__Task brief__. Up to and including the line that contains "494, 1176, 540]", write out every line of the entries exactly, beginning with the first. Omit the pictures.

__Data for review__.
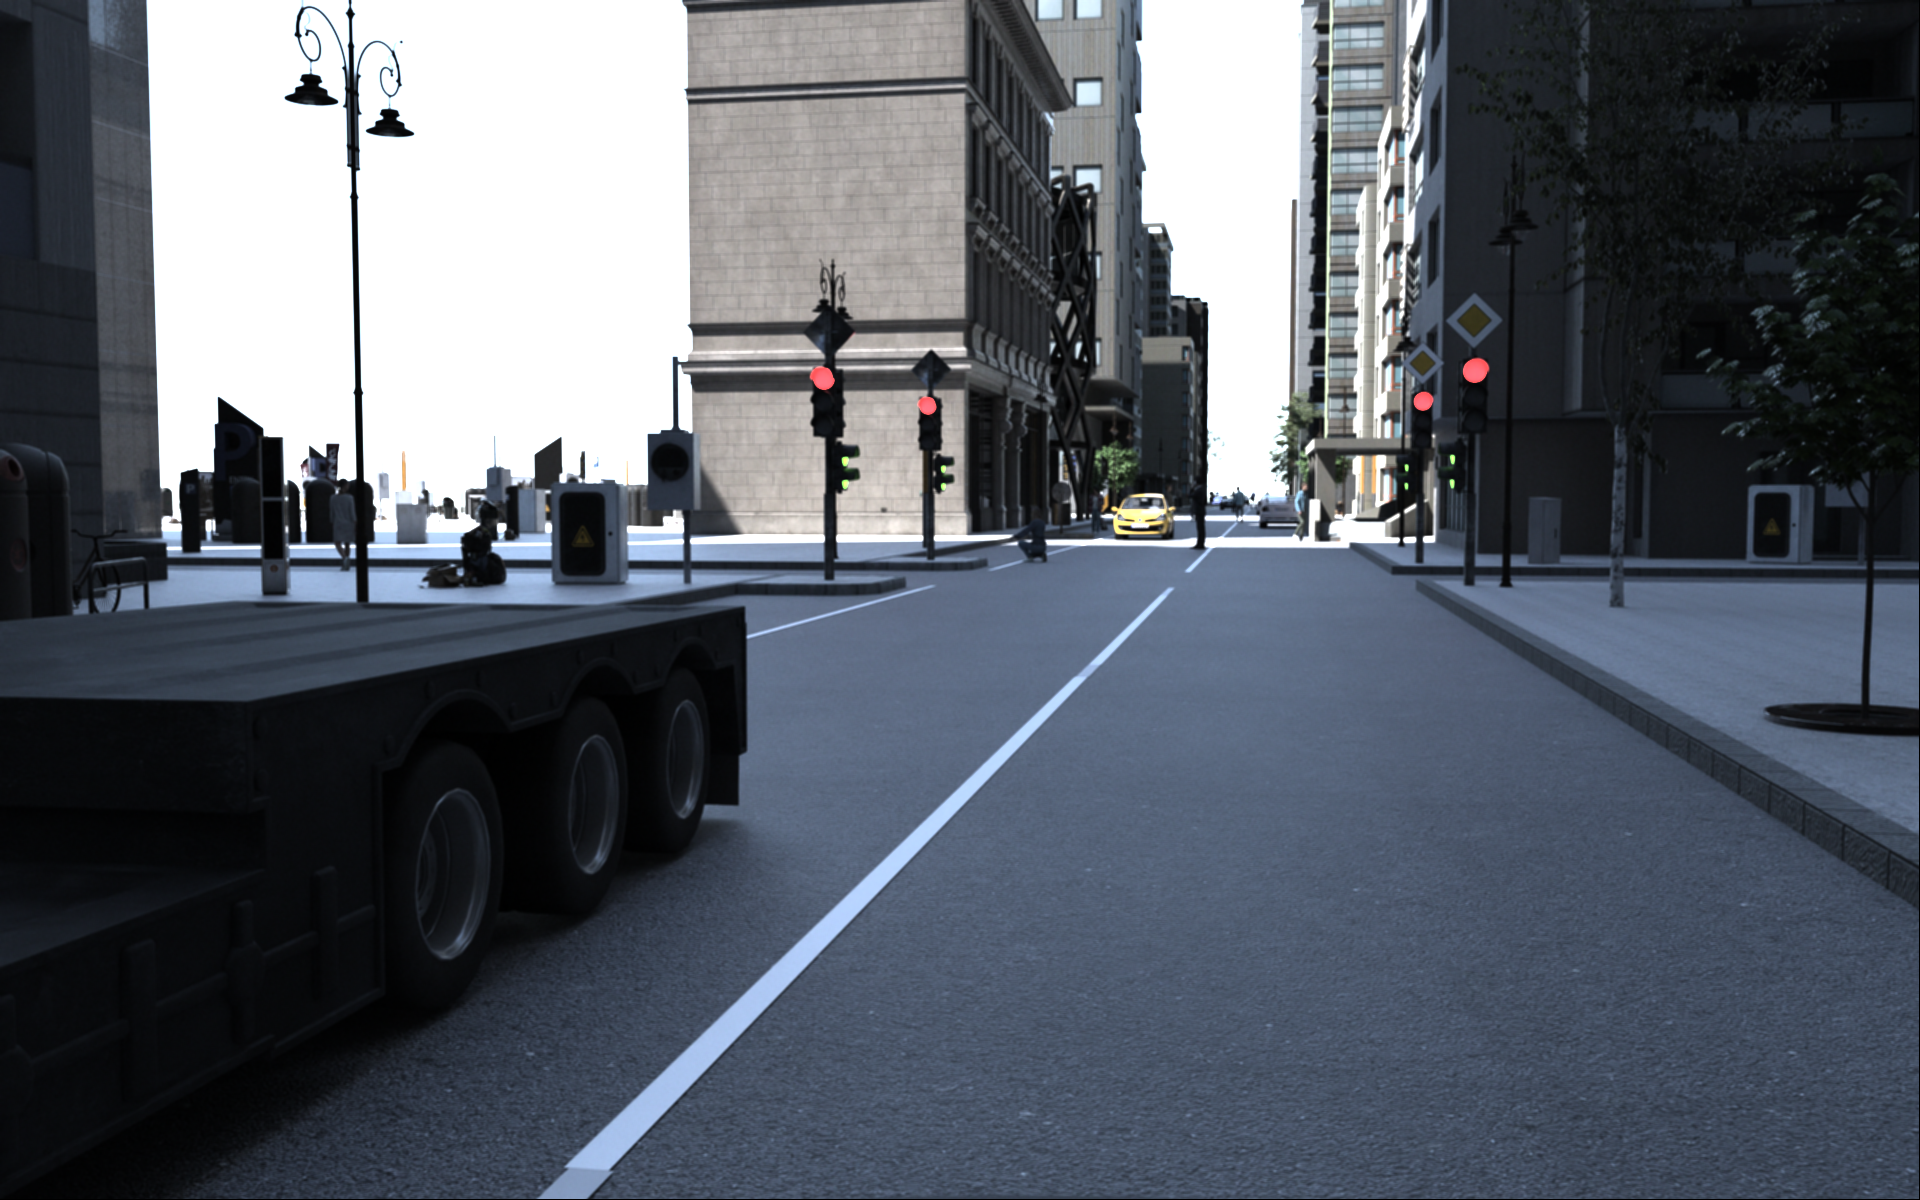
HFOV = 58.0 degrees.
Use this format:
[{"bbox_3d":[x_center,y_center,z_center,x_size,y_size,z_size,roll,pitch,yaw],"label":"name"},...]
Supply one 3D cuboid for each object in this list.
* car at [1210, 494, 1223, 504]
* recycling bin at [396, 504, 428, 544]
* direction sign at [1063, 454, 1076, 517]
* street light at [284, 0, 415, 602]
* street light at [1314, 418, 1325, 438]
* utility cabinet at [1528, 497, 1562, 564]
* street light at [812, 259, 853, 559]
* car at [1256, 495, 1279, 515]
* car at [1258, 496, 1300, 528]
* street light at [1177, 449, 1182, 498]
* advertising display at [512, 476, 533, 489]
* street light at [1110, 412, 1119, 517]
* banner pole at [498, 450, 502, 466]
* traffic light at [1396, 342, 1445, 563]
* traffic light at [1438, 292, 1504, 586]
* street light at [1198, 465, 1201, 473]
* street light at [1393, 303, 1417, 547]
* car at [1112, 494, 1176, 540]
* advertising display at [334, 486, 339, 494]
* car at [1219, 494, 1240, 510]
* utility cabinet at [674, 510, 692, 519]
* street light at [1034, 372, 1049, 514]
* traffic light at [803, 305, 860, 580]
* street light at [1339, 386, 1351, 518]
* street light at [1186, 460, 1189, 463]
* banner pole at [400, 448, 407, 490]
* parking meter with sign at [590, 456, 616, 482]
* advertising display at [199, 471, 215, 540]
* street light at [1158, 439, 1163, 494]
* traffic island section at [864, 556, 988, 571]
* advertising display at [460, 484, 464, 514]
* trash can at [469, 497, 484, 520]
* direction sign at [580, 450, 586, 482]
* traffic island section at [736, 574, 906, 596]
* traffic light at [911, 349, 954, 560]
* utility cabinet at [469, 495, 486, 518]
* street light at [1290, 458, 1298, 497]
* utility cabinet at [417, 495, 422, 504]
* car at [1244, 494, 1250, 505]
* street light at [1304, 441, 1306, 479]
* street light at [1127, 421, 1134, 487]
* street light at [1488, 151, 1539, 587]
[{"bbox_3d":[34.045,-13.434,229.236,1.945,1.707,3.694,1,4,12],"label":"car"},{"bbox_3d":[-14.195,-1.978,44.899,0.722,1.027,0.722,-1,4,-11],"label":"recycling bin"},{"bbox_3d":[6.173,-6.461,97.638,0.876,3.537,0.379,2,4,35],"label":"direction sign"},{"bbox_3d":[-5.692,-2.664,16.344,0.468,5.910,1.993,1,4,10],"label":"street light"},{"bbox_3d":[21.964,-8.128,105.672,0.468,5.910,1.993,1,4,10],"label":"street light"},{"bbox_3d":[10.811,-1.275,32.001,0.306,1.237,1.020,3,4,36],"label":"utility cabinet"},{"bbox_3d":[-2.502,-3.759,34.255,0.468,5.910,1.993,1,4,10],"label":"street light"},{"bbox_3d":[21.435,-6.546,119.381,2.083,1.381,4.827,1,4,12],"label":"car"},{"bbox_3d":[13.803,-3.781,74.188,2.083,1.381,4.827,1,4,11],"label":"car"},{"bbox_3d":[22.021,-12.285,173.651,0.468,5.910,1.993,1,4,10],"label":"street light"},{"bbox_3d":[-15.723,-3.474,62.011,0.123,1.923,0.974,3,5,40],"label":"advertising display"},{"bbox_3d":[8.726,-7.656,97.971,0.468,5.910,1.993,1,4,10],"label":"street light"},{"bbox_3d":[-25.998,-6.603,97.976,0.401,3.779,0.863,0,4,-3],"label":"banner pole"},{"bbox_3d":[8.521,-2.640,32.088,0.839,4.253,0.868,1,4,10],"label":"traffic light"},{"bbox_3d":[7.135,-2.159,24.223,0.839,4.253,0.868,1,4,10],"label":"traffic light"},{"bbox_3d":[30.929,-15.370,224.094,0.468,5.910,1.993,1,4,10],"label":"street light"},{"bbox_3d":[10.793,-4.243,42.163,0.468,5.910,1.993,1,4,10],"label":"street light"},{"bbox_3d":[5.889,-2.750,55.184,2.015,1.641,3.980,1,4,10],"label":"car"},{"bbox_3d":[-29.034,-4.597,80.371,0.123,1.923,0.974,0,4,-2],"label":"advertising display"},{"bbox_3d":[24.828,-9.135,159.146,2.009,1.686,4.222,1,4,12],"label":"car"},{"bbox_3d":[-13.871,-4.826,87.587,1.173,1.500,0.318,-1,4,-21],"label":"utility cabinet"},{"bbox_3d":[3.094,-5.702,66.008,0.468,5.910,1.993,1,4,10],"label":"street light"},{"bbox_3d":[-1.939,-2.256,25.800,0.839,4.253,0.868,1,4,10],"label":"traffic light"},{"bbox_3d":[16.400,-6.185,73.914,0.468,5.910,1.993,1,4,10],"label":"street light"},{"bbox_3d":[25.130,-13.380,191.557,0.468,5.910,1.993,1,4,10],"label":"street light"},{"bbox_3d":[-30.412,-6.403,94.703,0.401,3.779,0.863,-3,5,-44],"label":"banner pole"},{"bbox_3d":[-16.148,-5.097,79.591,0.543,3.016,1.738,3,4,36],"label":"parking meter with sign"},{"bbox_3d":[-21.075,-2.616,47.978,0.123,1.923,0.974,2,4,24],"label":"advertising display"},{"bbox_3d":[16.439,-10.343,141.896,0.468,5.910,1.993,1,4,10],"label":"street light"},{"bbox_3d":[-0.592,-0.705,33.806,2.009,0.180,2.903,1,4,10],"label":"traffic island section"},{"bbox_3d":[-32.291,-6.546,112.246,0.123,1.923,0.974,-1,4,-22],"label":"advertising display"},{"bbox_3d":[-23.684,-4.475,84.823,0.748,1.137,0.748,0,3,0],"label":"trash can"},{"bbox_3d":[-19.394,-5.942,89.153,0.379,3.537,0.876,0,4,2],"label":"direction sign"},{"bbox_3d":[-1.977,-0.224,25.942,2.009,0.180,2.903,1,4,10],"label":"traffic island section"},{"bbox_3d":[-0.554,-2.737,33.665,0.839,4.253,0.868,1,4,10],"label":"traffic light"},{"bbox_3d":[-26.114,-5.061,93.907,1.020,1.237,0.306,1,4,23],"label":"utility cabinet"},{"bbox_3d":[38.485,-13.849,199.210,0.468,5.910,1.993,1,4,10],"label":"street light"},{"bbox_3d":[-32.032,-5.605,102.808,0.306,1.237,1.020,-1,4,-12],"label":"utility cabinet"},{"bbox_3d":[36.131,-12.930,221.184,2.009,1.686,4.222,1,4,11],"label":"car"},{"bbox_3d":[29.665,-10.790,149.200,0.468,5.910,1.993,1,4,10],"label":"street light"},{"bbox_3d":[10.820,-8.401,110.147,0.468,5.910,1.993,1,4,10],"label":"street light"},{"bbox_3d":[7.554,-3.119,23.781,0.468,5.910,1.993,1,4,10],"label":"street light"}]

__Answer to this task__.
HFOV = 58.0 degrees.
Use this format:
[{"bbox_3d":[x_center,y_center,z_center,x_size,y_size,z_size,roll,pitch,yaw],"label":"name"},...]
Supply one 3D cuboid for each object in this list.
* car at [1210, 494, 1223, 504]
* recycling bin at [396, 504, 428, 544]
* direction sign at [1063, 454, 1076, 517]
* street light at [284, 0, 415, 602]
* street light at [1314, 418, 1325, 438]
* utility cabinet at [1528, 497, 1562, 564]
* street light at [812, 259, 853, 559]
* car at [1256, 495, 1279, 515]
* car at [1258, 496, 1300, 528]
* street light at [1177, 449, 1182, 498]
* advertising display at [512, 476, 533, 489]
* street light at [1110, 412, 1119, 517]
* banner pole at [498, 450, 502, 466]
* traffic light at [1396, 342, 1445, 563]
* traffic light at [1438, 292, 1504, 586]
* street light at [1198, 465, 1201, 473]
* street light at [1393, 303, 1417, 547]
* car at [1112, 494, 1176, 540]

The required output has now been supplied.